Finally, regarding the overall contribution of demographic variables (i.e., age, gender, education level) to the prediction of the BSMAS, we saw that the inclusion of these variables along with the features extracted from digital traces only resulted in a minor increase in the predictive power of the model (r = 0.33, MAE = 3.40, RMSE = 4.22). In turn, when only demographic variables were included in the model, the predictive power was greatly diminished (r = 0.08, MAE = 3.60, RMSE = 4.45).
Detection of Individuals With Probable Social Networks Use Disorder
Finally, we evaluated the performance of the best performing model, namely the model based on all the features extracted from the digital traces of Facebook activity, for the detection of individuals showing probably clinically relevant SNUD tendencies based on existing cut-off for the BSMAS. We saw that the average AUC values resulting from combining AUC values computed separately in 10 test sets were, respectively, 0.66 (Range: 0.57–0.72) for the 19-point cut-off, and 0.73 (Range: 0.49–0.93) for the 24-point cut-off.
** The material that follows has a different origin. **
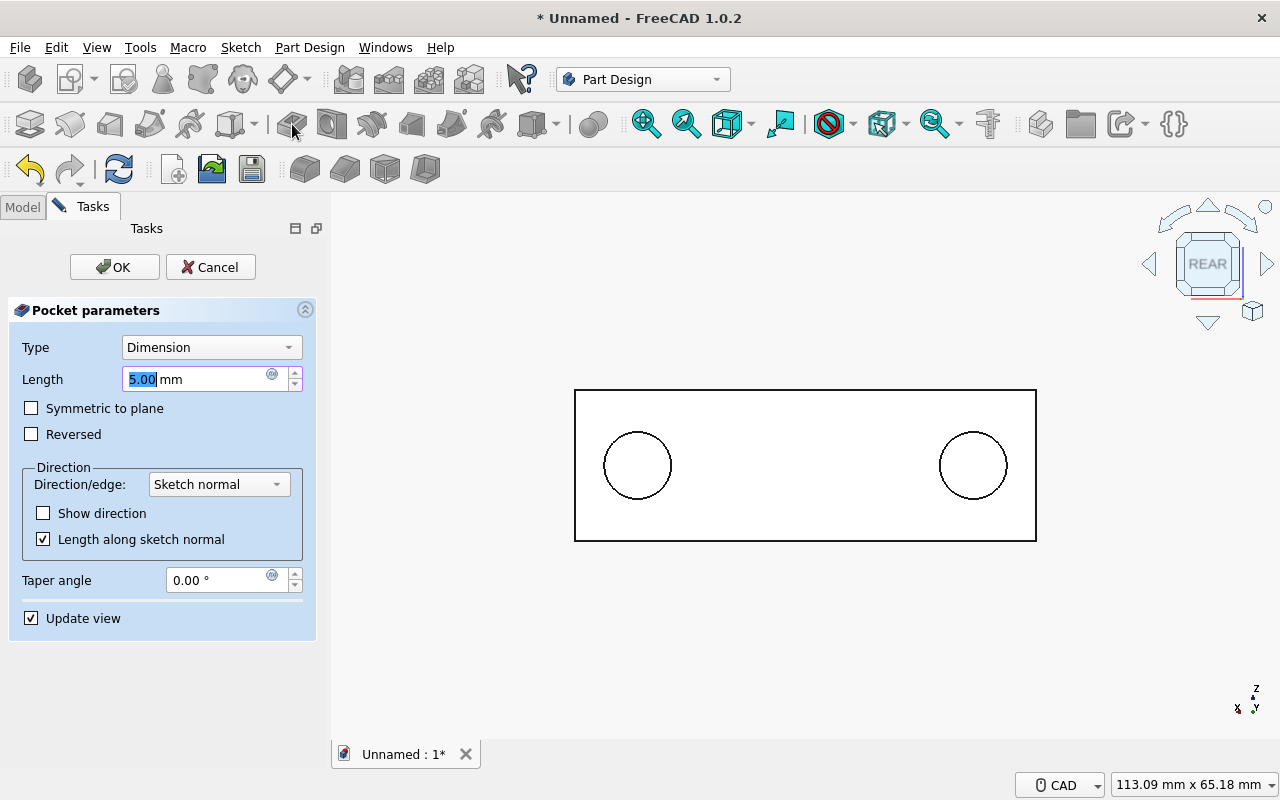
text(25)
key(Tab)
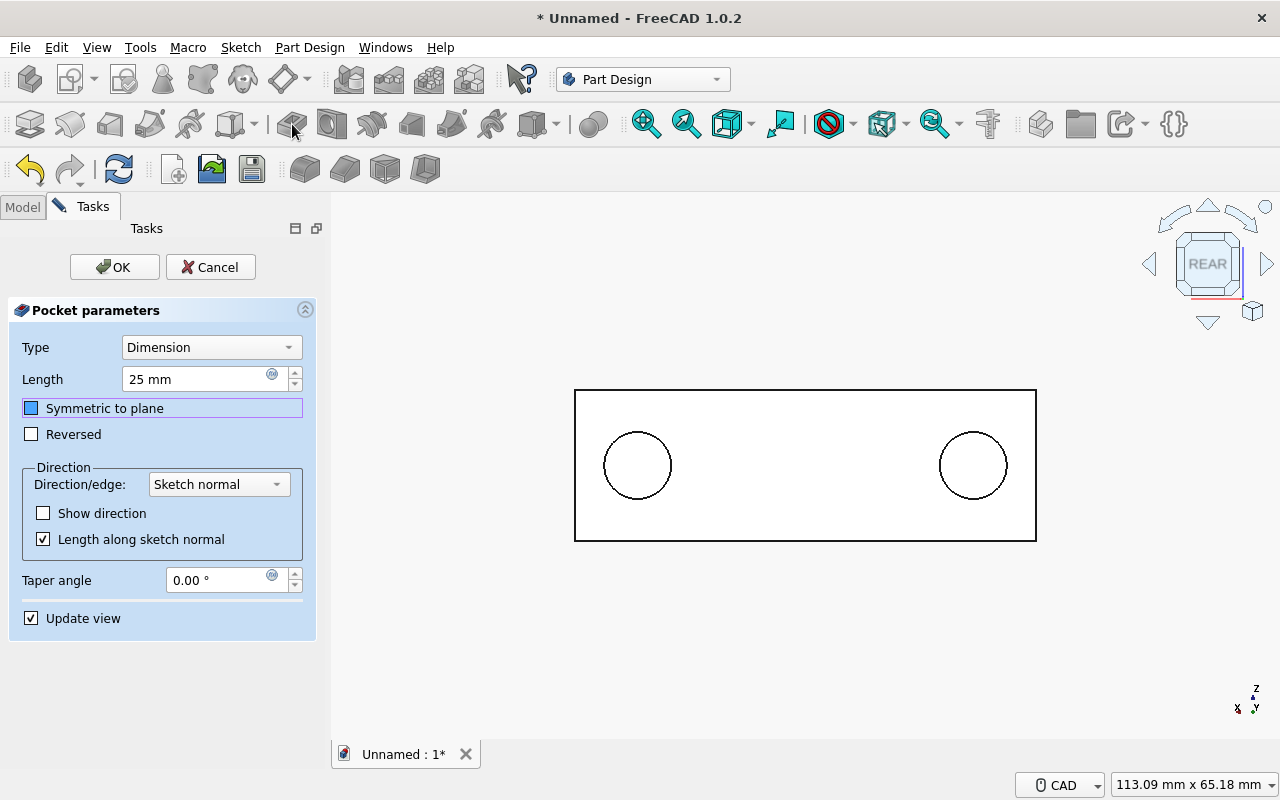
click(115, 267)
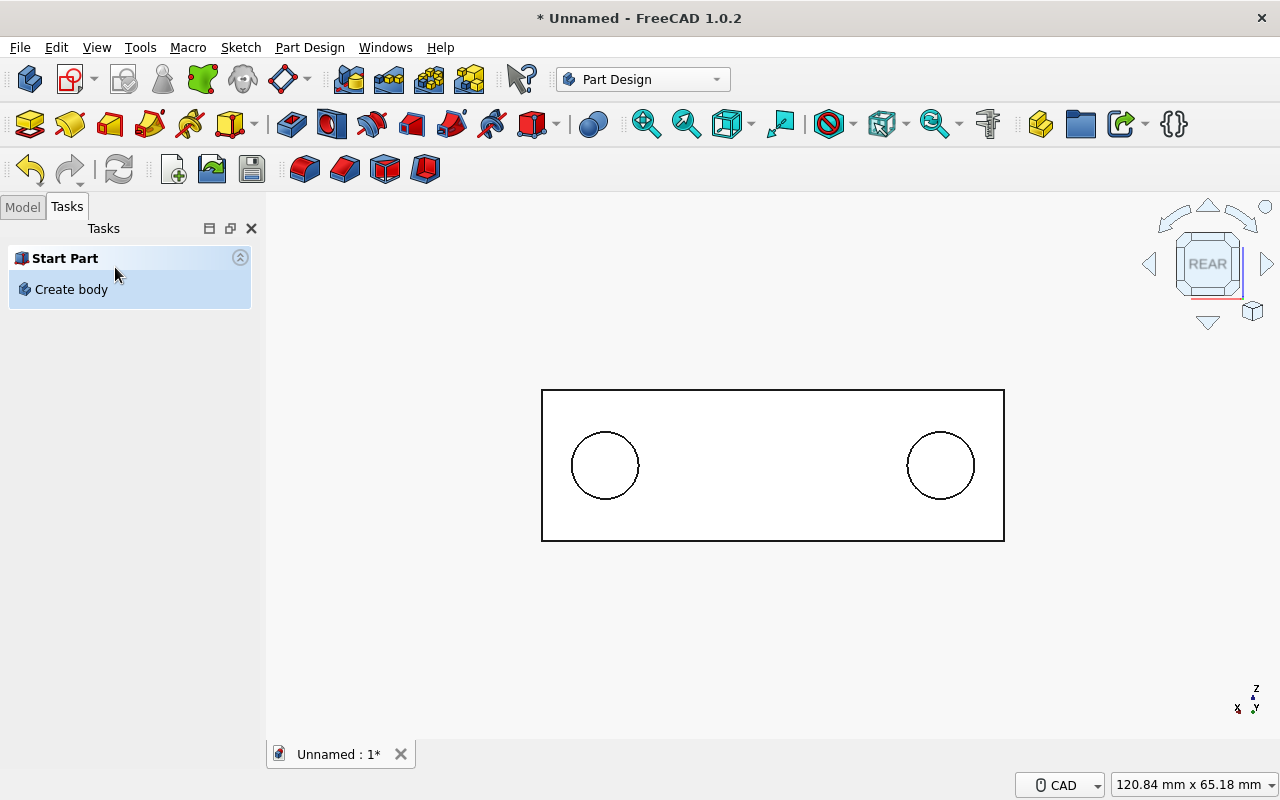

Hence, the detection of social media users at risk for SNUD tended to be more accurate when the higher cut off was used to distinguish between disordered and non-disordered social networks use.
Discussion
The present study examined the associations between features extracted from digital traces of Facebook activity and a validated assessment of social networks use disorder, the BSMAS. In this work, we also compared the contribution of the features extracted from posting activity, language use, and Likes in predicting BSMAS scores. Finally, we evaluated the feasibility of using these digital footprint features to detect users at risk for SNUD (via defined cut-offs).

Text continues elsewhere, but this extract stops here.